Simão falou assim e todos os idumeus demonstraram com gritos que aprovavam o que ele tinha dito; Jesus retirou-se muito triste por ver na disposi­ção em que eles se achavam que a cidade era presa de uma dupla guerra. Os idumeus, por seu lado, não estavam em menor agitação de espírito; eles não podiam tolerar a ofensa que se lhes haviam feito, por não se lhes terem aberto as portas; achavam que os zelotes não eram tão fortes como eles haviam imagina­do e o desgosto por não poder socorrê-los, os fazia arrependerem-se de ter vin­do. A vergonha de voltar sem nada ter feito levou-os, entretanto, a outros senti­mentos; assim, resolveram ficar e acamparam perto das mulhares da cidade.

Na noite seguinte, sobreveio uma horrível tempestade: a violência do vento, a impetuosidade da chuva, a quantidade de relâmpagos, o ribombar hor­rível do trovão, e um tremor de terra, acompanhado de rugidos, perturbou de tal modo a ordem da natureza, que todos julgaram presságio de grandes desgraças.

Os habitantes de Jerusalém e os idumeus eram, a esse respeito, da mesma opinião.
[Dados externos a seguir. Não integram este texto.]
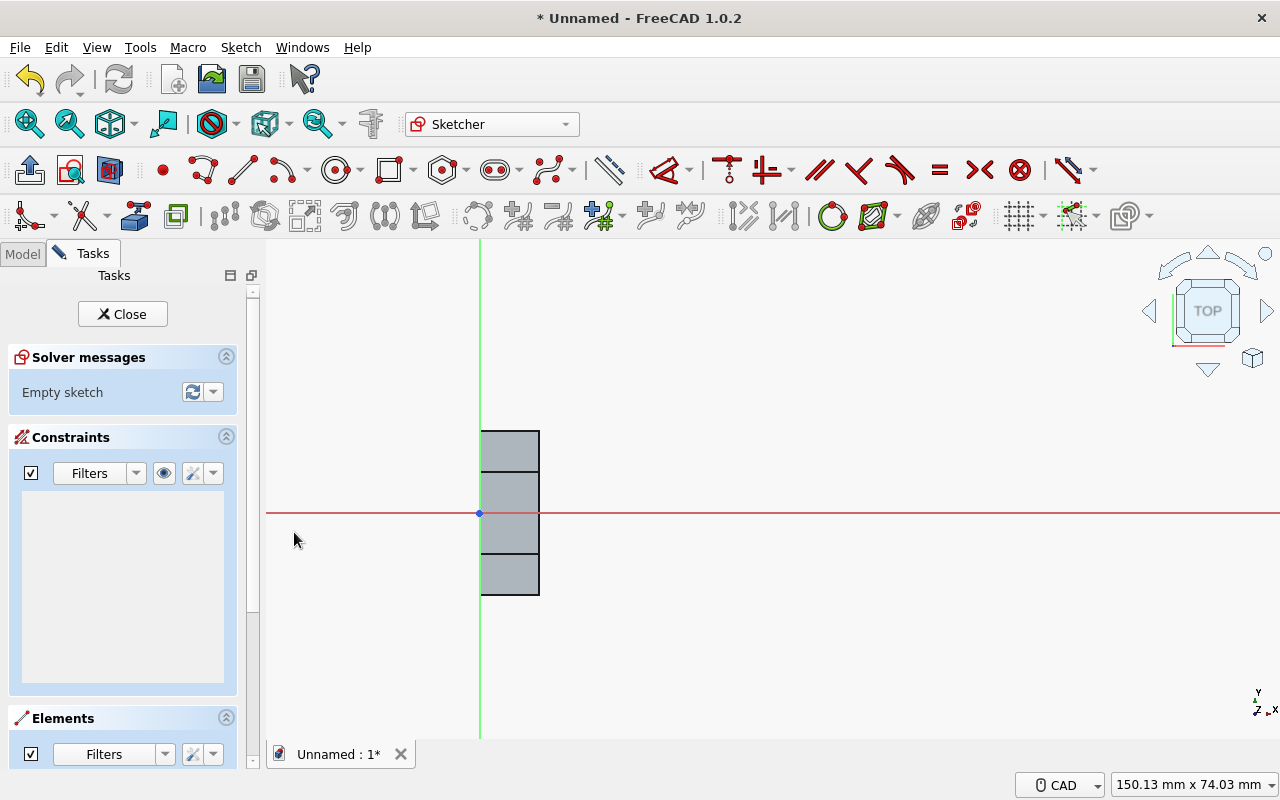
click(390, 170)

Estes últimos acreditavam que Deus estava encolerizado, por eles terem tomado as armas; julgavam não poder evitar o castigo, se continuassem a fazer a guerra à sua capital. Anano e os do seu partido estavam persuadidos de que Deus declarando-se daquele modo em seu favor, eles seriam vencedores, sem combater. Mas os fatos demonstraram que uns e outros se enganavam.
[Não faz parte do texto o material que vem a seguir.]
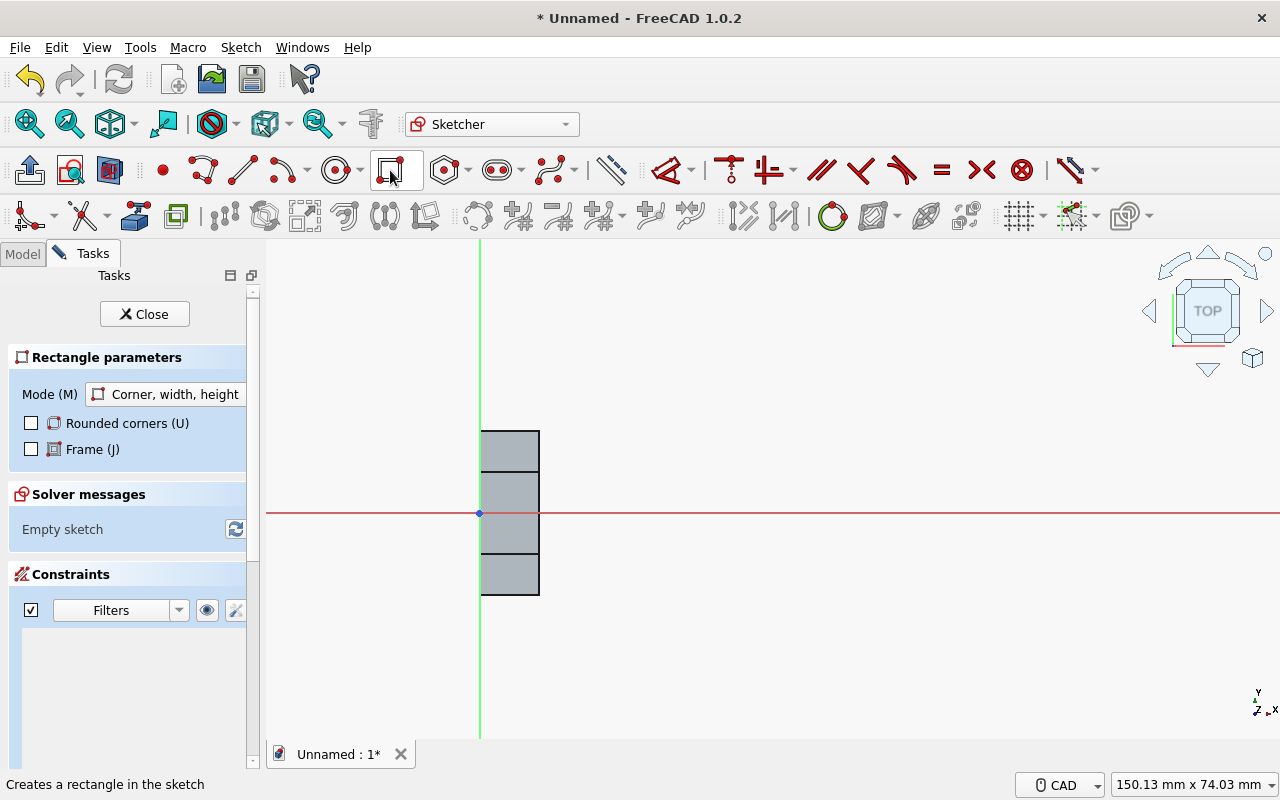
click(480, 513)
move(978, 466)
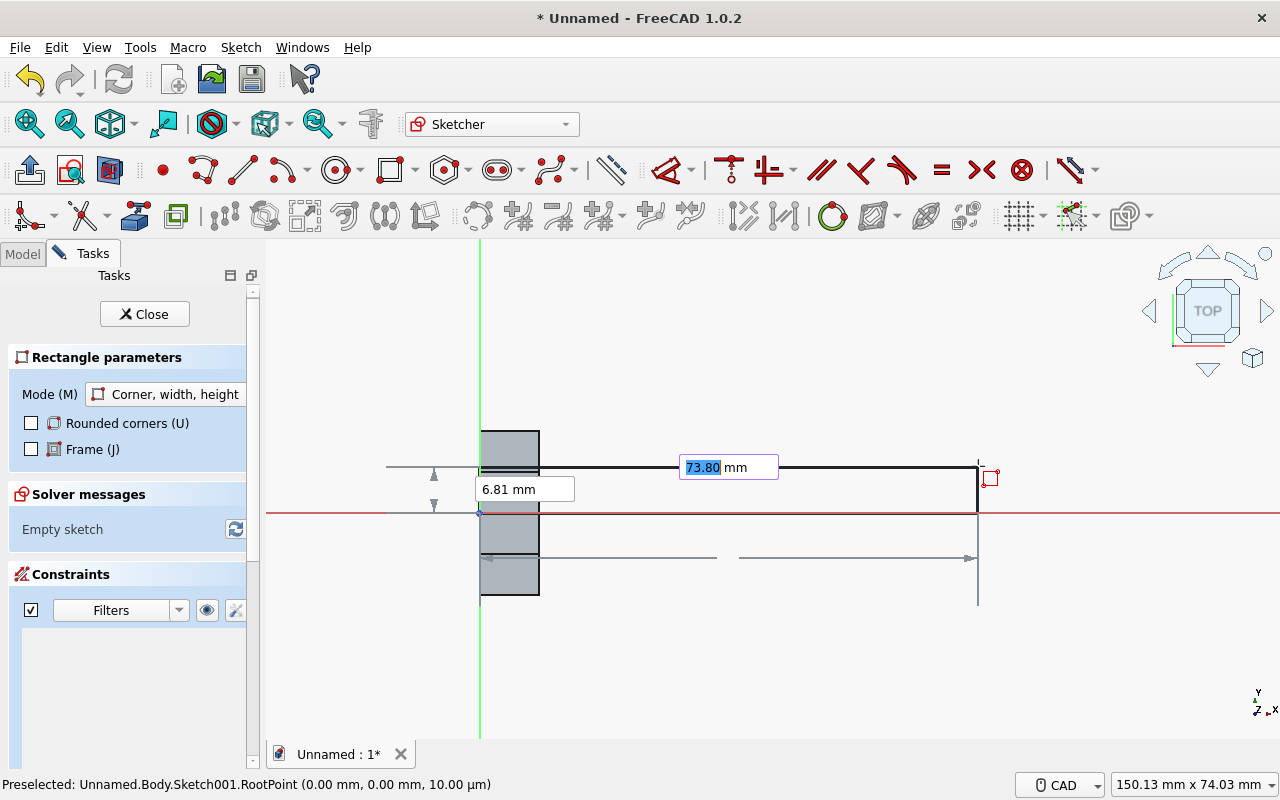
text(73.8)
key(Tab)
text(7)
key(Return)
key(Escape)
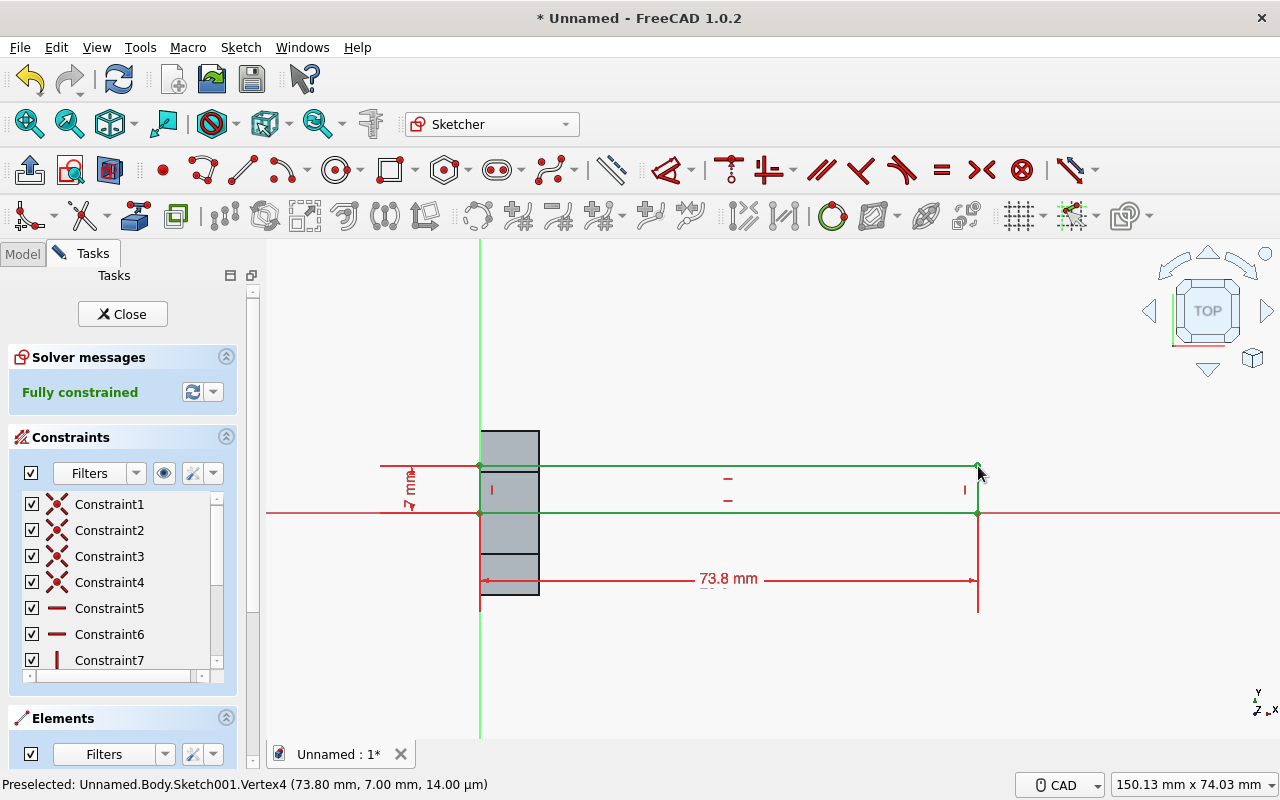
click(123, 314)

Os idumeus, durante a tempestade, uniram-se apertando-se uns contra os outros, cobrindo-se com seus escudos. Os zelotes, que estavam ainda mais aflitos do que eles mesmos, reuniram-se para deliberar sobre os meios de ajudá-los. Os mais ousados propuseram atacar o corpo de guarda dos sitiantes e depois de os terem repelido, abrir as portas da cidade aos idumeus. Disseram, para apoiar sua opinião que a execução daquele projeto não era tão difícil como se poderia imagi­nar, porque a maior parte dos que compunham o corpo de guarda eram homens mal armados e pouco aguerridos; atacando-os de improviso seria fácil vencê-los; a grande tempestade havia encerrado a todos os outros em suas casas e dificilmente eles se poderiam reunir. Porém, mesmo quando a empresa fosse mais arriscada, não havia perigo aos quais eles não se devessem expor, antes que ter vergonha de deixar perecer tantas tropas que tinham vindo socorrê-los.

Os mais prudentes eram de parecer contrário, porque viam que não somen­te haviam dobrado o número de guardas, do lado em que eles estavam, contu­do os muros da cidade eram também mais cuidadosamente vigiados, por cau­sa dos idumeus que estavam perto e não duvidavam de que Anano fazia, segundo o costume, a ronda em todas as horas da noite, pois era certo que ele sempre fazia assim. No entanto, para sua infelicidade e dos seus, mais do que por negligência, naquela noite ele tinha ido descansar um pouco e quando a tempestade começou a amainar, os que montavam guarda à porta do Templo estavam cansados e com sono.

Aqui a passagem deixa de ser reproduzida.